Our board of directors adopted the GreeneStone Healthcare Corporation 2013 Stock Option Plan (the “Plan”) to promote our long- term growth and profitability by (i) providing our key directors, officers and employees with incentives to improve stockholder value and contribute to our growth and financial success and (ii) enable us to attract, retain and reward the best available persons for positions of substantial responsibility. A total of 10,000,000 shares of our common stock have been reserved for issuance upon exercise of options granted pursuant to the Plan. The Plan allows us to grant options to our employees, officers and directors and those of our subsidiaries; provided that only our employees and those of our subsidiaries may receive incentive stock options under the Plan.

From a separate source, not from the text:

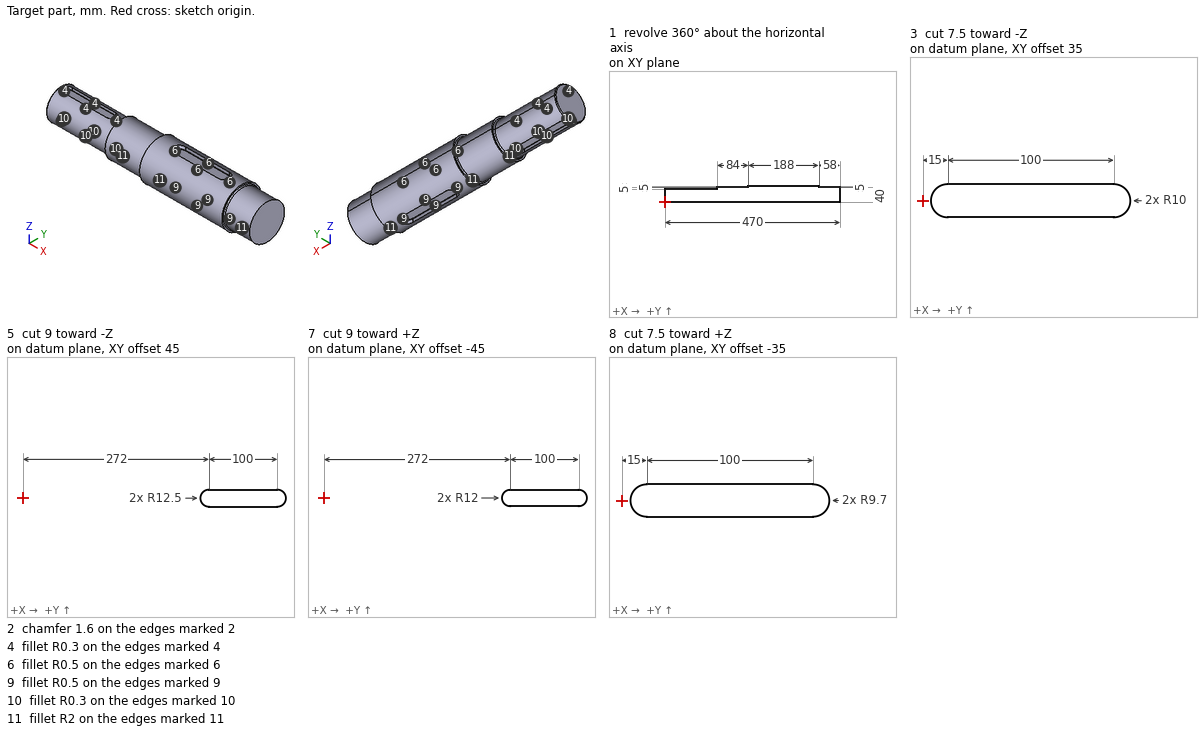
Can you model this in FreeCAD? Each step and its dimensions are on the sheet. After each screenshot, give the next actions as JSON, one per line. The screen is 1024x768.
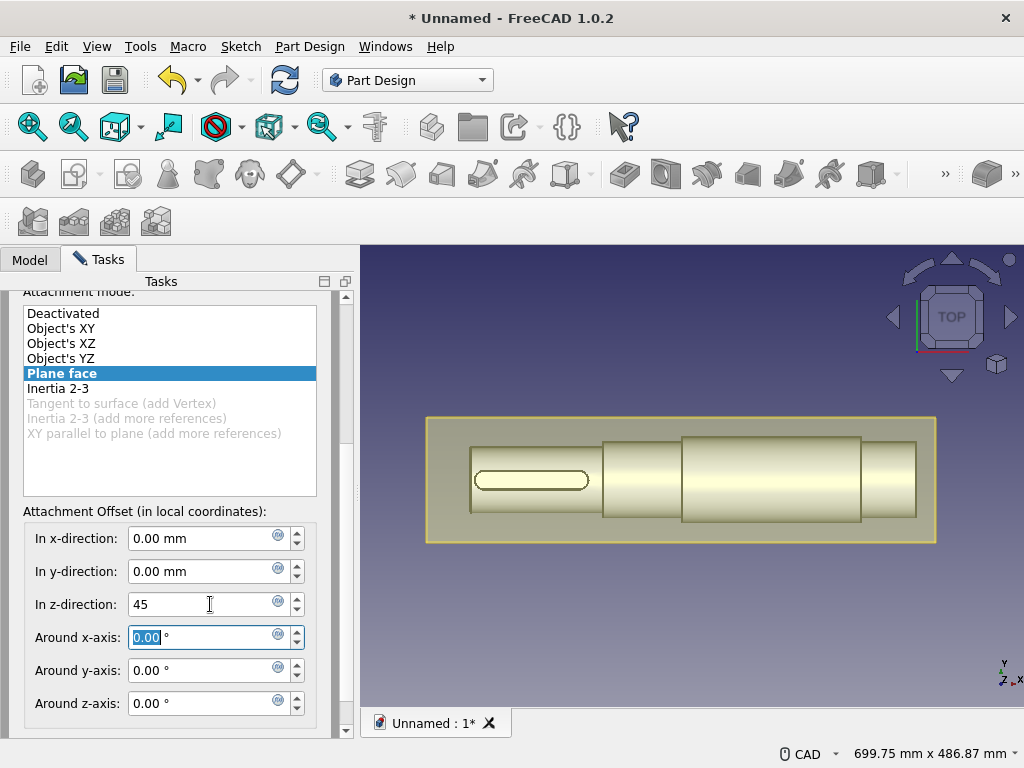
{"action": "scroll", "coordinate": [346, 514], "scroll_direction": "up", "scroll_amount": 5}
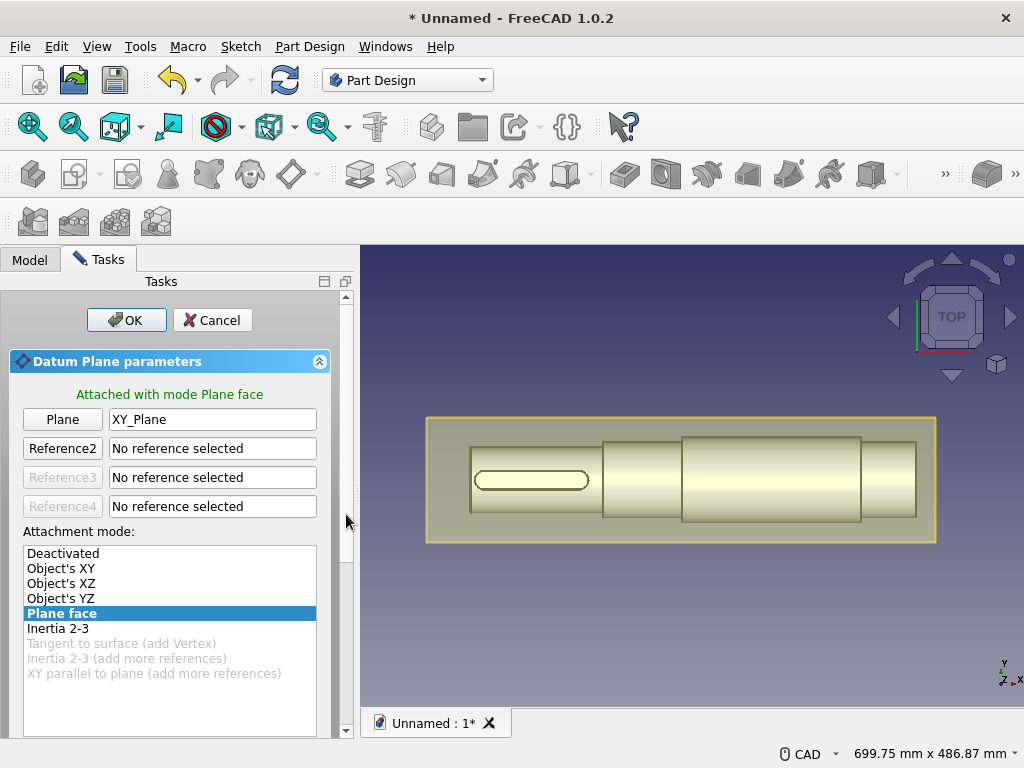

We have granted a total of 480,000 options as of June 30, 2017 under the Plan.

 

No options were issued, exercised or cancelled for the period under review.

 

The following table summarizes information about options outstanding as of June 30, 2017.

 

      Options outstanding     Options exercisable  
Exercise price       No. of shares     Weighted
average
remaining
years
    Weighted
average
exercise price
    No. of shares     Weighted
average
exercise price
 
                                           
$0.12       480,000       2.34               480,000          
                                           
        480,000       2.34     $ 0.12       480,000     $ 0.12  

 

As of June 30, 2017, there was no unrecognized compensation costs related to these options and the intrinsic value of the options is $0.